- **EXERCISE INPUT**:
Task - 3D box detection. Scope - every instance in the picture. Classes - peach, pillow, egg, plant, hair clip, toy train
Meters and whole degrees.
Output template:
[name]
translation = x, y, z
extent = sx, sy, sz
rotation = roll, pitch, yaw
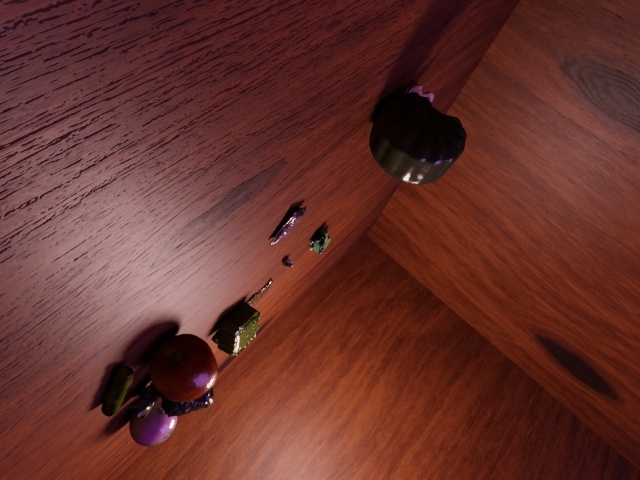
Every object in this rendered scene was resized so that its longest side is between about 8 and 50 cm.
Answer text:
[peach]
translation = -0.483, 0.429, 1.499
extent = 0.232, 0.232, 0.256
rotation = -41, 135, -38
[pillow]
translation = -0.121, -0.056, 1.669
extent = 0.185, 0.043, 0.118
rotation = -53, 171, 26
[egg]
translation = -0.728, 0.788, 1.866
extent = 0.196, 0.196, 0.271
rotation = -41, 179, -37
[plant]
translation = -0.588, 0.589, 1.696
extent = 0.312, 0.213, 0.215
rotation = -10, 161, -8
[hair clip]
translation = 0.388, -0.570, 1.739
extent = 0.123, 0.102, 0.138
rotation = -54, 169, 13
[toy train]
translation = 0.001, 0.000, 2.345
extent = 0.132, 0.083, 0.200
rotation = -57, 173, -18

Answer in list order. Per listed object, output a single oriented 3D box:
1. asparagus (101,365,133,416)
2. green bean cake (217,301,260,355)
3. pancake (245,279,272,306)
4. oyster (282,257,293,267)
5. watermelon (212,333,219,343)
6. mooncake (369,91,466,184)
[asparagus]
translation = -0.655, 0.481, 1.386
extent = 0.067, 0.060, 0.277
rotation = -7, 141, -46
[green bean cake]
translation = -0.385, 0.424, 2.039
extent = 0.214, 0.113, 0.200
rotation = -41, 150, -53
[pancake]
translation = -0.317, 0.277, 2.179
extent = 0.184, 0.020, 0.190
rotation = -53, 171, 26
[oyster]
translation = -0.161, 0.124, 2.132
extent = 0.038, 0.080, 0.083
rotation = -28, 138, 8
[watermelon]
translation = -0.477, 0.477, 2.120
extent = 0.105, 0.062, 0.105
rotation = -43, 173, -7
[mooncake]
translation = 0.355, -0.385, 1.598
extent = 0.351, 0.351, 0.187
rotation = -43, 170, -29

==

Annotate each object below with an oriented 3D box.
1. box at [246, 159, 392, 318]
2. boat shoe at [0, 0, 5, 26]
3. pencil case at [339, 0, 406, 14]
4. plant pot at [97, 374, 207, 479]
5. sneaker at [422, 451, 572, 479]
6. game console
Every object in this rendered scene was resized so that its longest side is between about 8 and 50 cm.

- **WORK REQUEST**: Among the entries above, copy exactly only the lines starting with the one containing "1. asparagus (101,365,133,416)" and going through the one containing "5. watermelon (212,333,219,343)", both ends included.

- **THE ANSWER**:
1. asparagus (101,365,133,416)
2. green bean cake (217,301,260,355)
3. pancake (245,279,272,306)
4. oyster (282,257,293,267)
5. watermelon (212,333,219,343)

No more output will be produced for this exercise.